What is required:
Going through the material underneath, give only the number of lines that contain "MouseScroll".

Records for this exercise:
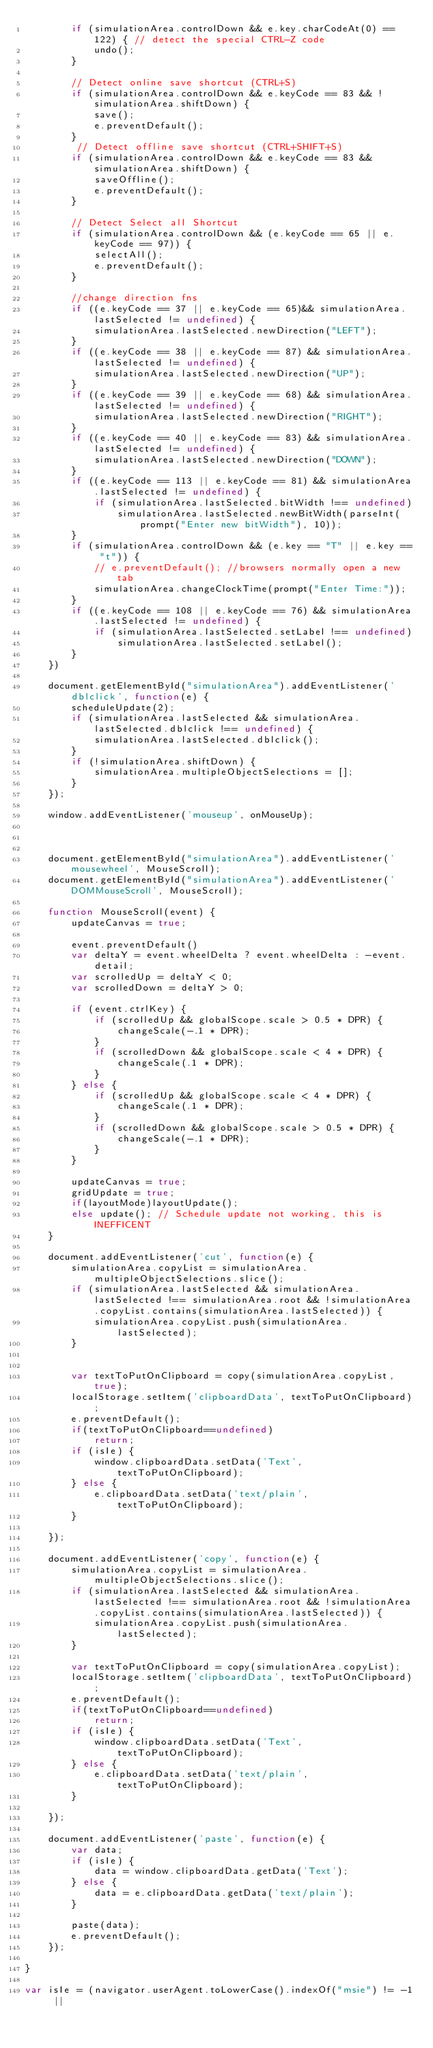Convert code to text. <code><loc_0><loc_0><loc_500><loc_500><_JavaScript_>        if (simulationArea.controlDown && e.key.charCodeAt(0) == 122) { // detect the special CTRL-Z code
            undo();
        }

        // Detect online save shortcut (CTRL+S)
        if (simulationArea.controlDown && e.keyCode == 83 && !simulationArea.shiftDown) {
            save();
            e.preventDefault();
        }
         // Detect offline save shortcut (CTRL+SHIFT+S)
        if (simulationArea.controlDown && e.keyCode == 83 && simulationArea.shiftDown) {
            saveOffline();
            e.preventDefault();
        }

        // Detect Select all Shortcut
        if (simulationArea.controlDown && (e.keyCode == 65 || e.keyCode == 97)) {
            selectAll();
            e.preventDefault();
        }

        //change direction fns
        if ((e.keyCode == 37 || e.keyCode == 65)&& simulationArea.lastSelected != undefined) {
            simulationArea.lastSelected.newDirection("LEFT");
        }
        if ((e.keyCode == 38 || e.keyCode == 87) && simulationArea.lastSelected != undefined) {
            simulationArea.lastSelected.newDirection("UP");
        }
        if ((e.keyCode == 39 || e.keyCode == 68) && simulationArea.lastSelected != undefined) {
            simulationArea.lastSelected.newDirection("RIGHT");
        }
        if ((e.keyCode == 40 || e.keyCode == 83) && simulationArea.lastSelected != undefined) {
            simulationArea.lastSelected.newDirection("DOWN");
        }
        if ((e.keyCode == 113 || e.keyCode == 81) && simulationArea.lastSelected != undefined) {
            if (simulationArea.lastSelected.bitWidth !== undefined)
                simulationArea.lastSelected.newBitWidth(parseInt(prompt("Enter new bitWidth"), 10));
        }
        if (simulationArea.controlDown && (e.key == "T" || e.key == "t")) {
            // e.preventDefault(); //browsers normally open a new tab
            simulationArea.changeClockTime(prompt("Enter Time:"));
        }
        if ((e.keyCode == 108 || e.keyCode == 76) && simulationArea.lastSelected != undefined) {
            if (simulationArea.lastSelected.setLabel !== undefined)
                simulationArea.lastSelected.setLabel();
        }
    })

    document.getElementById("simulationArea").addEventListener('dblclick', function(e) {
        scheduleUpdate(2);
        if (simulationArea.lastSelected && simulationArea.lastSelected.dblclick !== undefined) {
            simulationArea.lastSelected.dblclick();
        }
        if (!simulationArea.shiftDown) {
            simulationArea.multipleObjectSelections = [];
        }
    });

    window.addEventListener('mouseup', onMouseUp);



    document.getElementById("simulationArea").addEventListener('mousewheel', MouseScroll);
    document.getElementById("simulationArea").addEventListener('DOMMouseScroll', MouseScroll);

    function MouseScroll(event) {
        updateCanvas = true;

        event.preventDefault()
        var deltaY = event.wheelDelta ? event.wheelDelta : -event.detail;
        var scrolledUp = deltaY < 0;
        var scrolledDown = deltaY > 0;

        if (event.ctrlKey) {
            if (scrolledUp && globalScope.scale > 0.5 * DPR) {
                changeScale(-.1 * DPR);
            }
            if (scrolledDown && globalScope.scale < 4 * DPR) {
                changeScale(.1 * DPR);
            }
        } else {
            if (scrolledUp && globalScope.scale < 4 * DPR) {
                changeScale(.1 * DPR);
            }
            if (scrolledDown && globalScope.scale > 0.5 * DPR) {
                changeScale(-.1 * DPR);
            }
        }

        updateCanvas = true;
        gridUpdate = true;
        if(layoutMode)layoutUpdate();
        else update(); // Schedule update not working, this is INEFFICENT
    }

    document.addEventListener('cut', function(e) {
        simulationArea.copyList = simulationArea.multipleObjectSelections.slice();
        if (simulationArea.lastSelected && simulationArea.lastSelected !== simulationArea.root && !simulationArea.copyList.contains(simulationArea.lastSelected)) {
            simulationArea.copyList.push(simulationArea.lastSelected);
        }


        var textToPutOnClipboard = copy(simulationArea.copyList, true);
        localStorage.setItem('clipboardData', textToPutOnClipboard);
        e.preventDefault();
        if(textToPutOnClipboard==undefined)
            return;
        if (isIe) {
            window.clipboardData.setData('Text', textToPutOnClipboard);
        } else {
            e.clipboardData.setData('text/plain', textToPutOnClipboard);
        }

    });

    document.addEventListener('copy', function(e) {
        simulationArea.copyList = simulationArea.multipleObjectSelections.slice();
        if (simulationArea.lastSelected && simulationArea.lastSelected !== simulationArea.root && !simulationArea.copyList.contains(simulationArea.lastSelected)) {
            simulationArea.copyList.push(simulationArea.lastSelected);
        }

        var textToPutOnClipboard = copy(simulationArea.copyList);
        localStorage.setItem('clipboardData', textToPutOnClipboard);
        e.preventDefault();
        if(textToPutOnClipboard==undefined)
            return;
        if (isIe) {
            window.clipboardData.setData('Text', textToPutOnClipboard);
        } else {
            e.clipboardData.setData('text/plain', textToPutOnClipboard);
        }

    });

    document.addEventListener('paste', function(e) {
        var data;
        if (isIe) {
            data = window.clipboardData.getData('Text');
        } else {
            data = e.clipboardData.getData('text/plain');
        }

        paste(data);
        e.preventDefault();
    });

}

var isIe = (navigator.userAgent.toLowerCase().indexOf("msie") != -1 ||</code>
* * *
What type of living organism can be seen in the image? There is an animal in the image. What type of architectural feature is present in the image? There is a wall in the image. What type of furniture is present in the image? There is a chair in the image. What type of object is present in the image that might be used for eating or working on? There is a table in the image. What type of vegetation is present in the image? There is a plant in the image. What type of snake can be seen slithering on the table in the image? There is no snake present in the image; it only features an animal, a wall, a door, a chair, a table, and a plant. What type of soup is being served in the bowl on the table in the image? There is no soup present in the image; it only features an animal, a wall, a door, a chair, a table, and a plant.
==
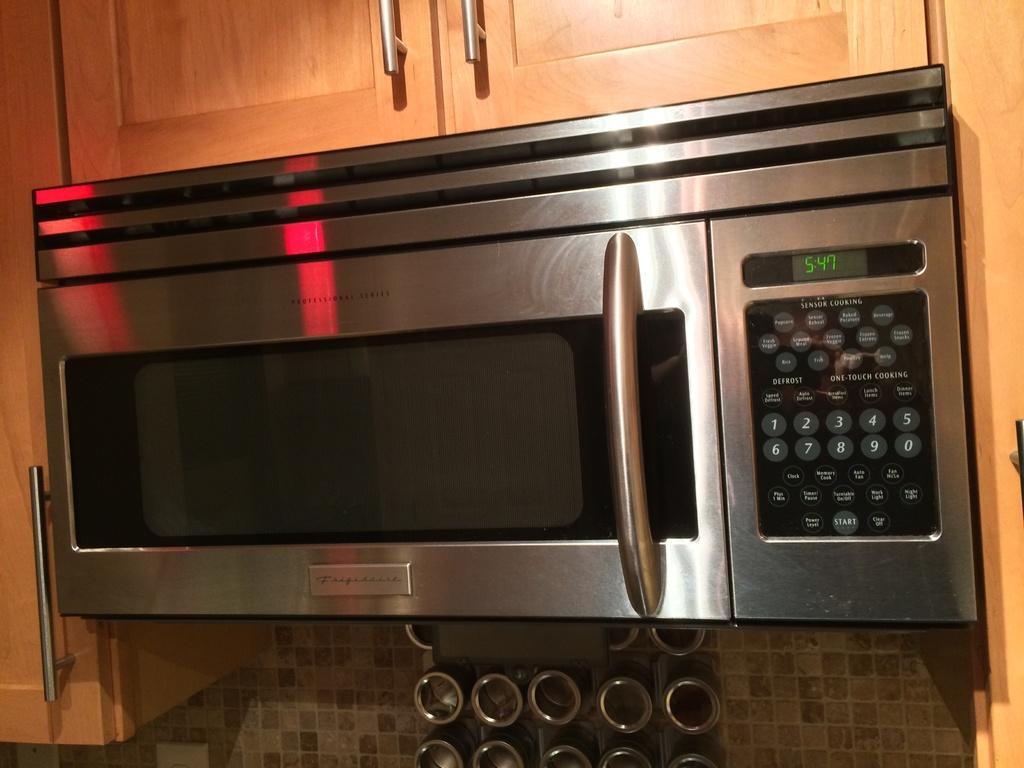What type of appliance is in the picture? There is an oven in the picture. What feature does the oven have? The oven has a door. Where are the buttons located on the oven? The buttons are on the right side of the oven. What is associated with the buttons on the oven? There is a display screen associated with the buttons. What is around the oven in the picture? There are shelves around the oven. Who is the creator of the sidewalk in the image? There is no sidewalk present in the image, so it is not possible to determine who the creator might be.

The answer:
3